Nous faisons une première halte dans le centre-ville de Goma afin d’acheter de la viande, un bon kilo de bœuf ; néanmoins, la viande étant précieuse dans ce secteur de l’Afrique, nous devons tenter trois fois notre chance pour trouver un boucher qui en détient. Nous avons en outre de la chance puisqu’elle est fraîche, l’animal venant d’être abattu dans la nuit. Le kilo nous revient à une dizaine d’euros. Nous continuons chez un vendeur itinérant chez lequel nous achetons quelques fruits et quelques légumes ; dans une épicerie, nous trouvons de l’huile et des épices ; il ne nous manque plus que le charbon de bois, mais nos tentatives différentes pour en trouver sont vaines ; Paulin décide alors d’en acheter sur le bord de la route.
Nous quittons la ville de Goma. Nous faisons un arrêt dans un petit village et parvenons à acheter du charbon de bois ; le vendeur nous certifie qu’il ne provient pas de bois braconné ; néanmoins, aucune preuve ne nous est apportée ; nous n’en demanderons même pas, la provenance du charbon de bois étant impossible à tracer.
Après une route sinueuse et difficile, nous entrons dans le parc du volcan Nyiragongo. Nous nous rendons dans une petite guérite où un garde vérifie mon identité. Une fois que mon identité a été validée au travers d’une étude furtive de mon passeport, le garde nous valide l’entrée ; nous rejoignons une vingtaine de touristes du monde entier qui patiente depuis près d’une heure ; il faut dire qu’ils sont venus uniquement pour effectuer ce trek. Lorsque je les questionne sur les autres activités qu’ils vont effectuer dans le secteur, ils me répondent qu’après le trek, ils retourneront au Rwanda voisin, un pays selon eux beaucoup plus sûr et que la mauvaise réputation de la région de Goma ne leur donne pas envie de la découvrir.

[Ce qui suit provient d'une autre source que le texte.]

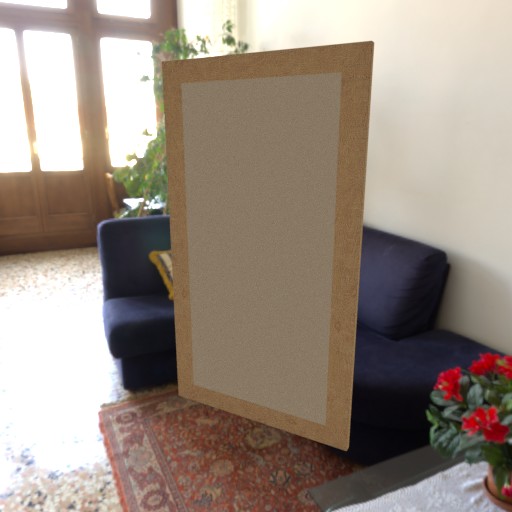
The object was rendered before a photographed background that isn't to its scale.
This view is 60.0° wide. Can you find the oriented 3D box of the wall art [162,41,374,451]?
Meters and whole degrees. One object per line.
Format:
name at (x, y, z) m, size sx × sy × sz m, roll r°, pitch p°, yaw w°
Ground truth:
wall art at (0.000, 0.000, 0.809) m, size 0.381 × 0.683 × 0.013 m, roll 8°, pitch 17°, yaw 27°
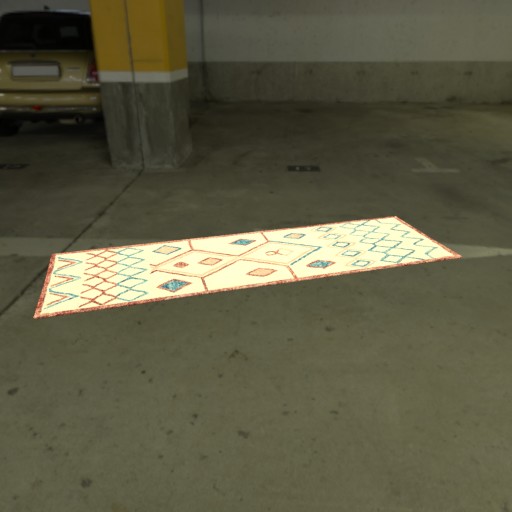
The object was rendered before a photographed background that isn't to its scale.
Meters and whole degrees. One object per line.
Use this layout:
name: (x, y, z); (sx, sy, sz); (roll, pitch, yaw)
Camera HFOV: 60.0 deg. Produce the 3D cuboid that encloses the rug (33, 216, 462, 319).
rug: (0.000, 0.000, 2.749); (2.435, 0.011, 0.750); (-7, 26, -15)
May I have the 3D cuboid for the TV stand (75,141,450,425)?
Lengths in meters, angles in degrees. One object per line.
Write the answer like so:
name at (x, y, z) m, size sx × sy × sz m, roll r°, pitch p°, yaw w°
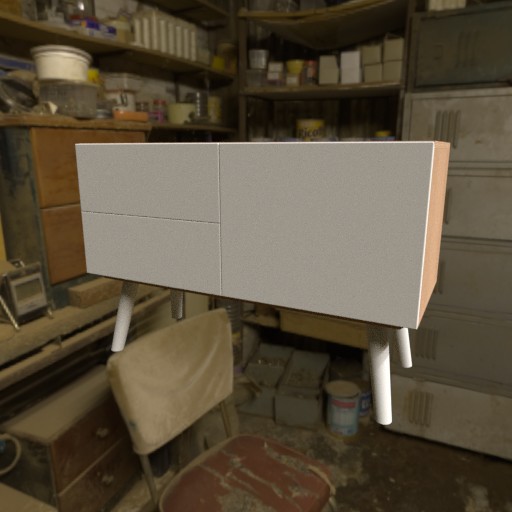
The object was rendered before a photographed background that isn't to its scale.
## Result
TV stand at (0.000, 0.000, 1.339) m, size 0.991 × 0.660 × 0.407 m, roll 7°, pitch 15°, yaw 26°
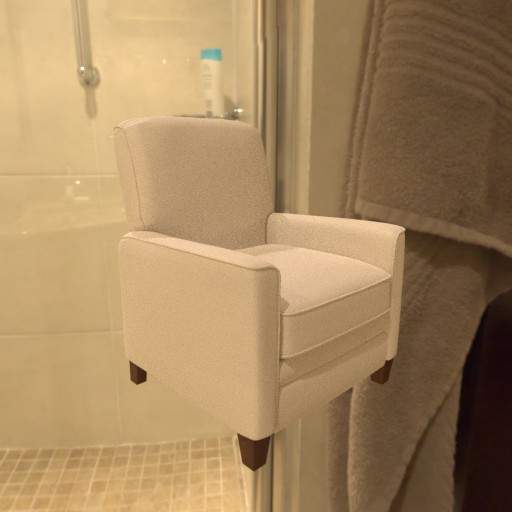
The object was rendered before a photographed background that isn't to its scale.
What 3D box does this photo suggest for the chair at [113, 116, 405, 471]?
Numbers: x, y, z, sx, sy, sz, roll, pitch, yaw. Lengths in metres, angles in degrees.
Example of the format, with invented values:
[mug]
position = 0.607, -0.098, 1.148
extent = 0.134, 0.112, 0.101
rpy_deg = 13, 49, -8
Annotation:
[chair]
position = 0.000, 0.000, 1.672
extent = 0.841, 1.028, 0.858
rpy_deg = -13, 19, -42
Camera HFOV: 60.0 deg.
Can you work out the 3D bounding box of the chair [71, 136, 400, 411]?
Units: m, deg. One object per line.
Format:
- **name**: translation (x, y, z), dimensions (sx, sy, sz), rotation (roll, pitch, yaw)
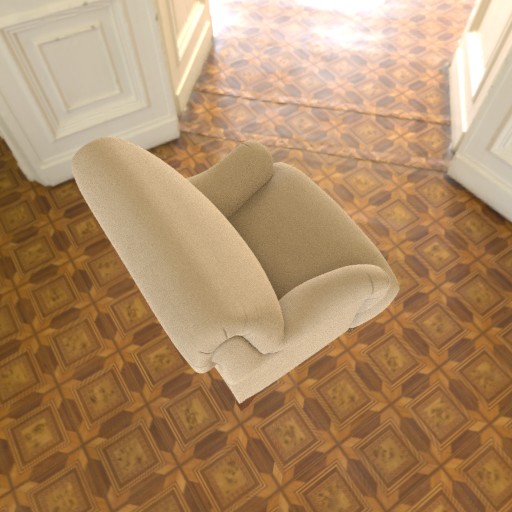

Il faut dire que partout dans le monde, la région est présentée comme dangereuse et non sécuritaire ; cette insécurité due aux poches de factions rebelles émanant de l’ancienne guerre rwandaise entraîne la région dans une sorte de fantasmes. Il est sûr que l’endroit peut présenter des risques pour un voyageur qui s’y aventurerait seul et se rendrait dans des localisations problématiques, mais en compagnie d’un habitant local, il y a peu de chances que des problèmes surviennent, la population locale étant attachante et bienveillante envers les étrangers.
Après une petite réunion en contrebas du volcan, aux abords de l’entrée du parc, le ranger nous présente les militaires qui vont nous accompagner durant la montée, non pas que l’endroit soit dangereux, mais le parc préfère ne pas prendre de risque. Le ranger, en Français nous énumère les règles de sécurité que nous devrons respecter : rester ensemble, ne pas se dépêcher, beaucoup boire et il nous propose des bâtons de marche coûtant la modique somme de 5 dollars US.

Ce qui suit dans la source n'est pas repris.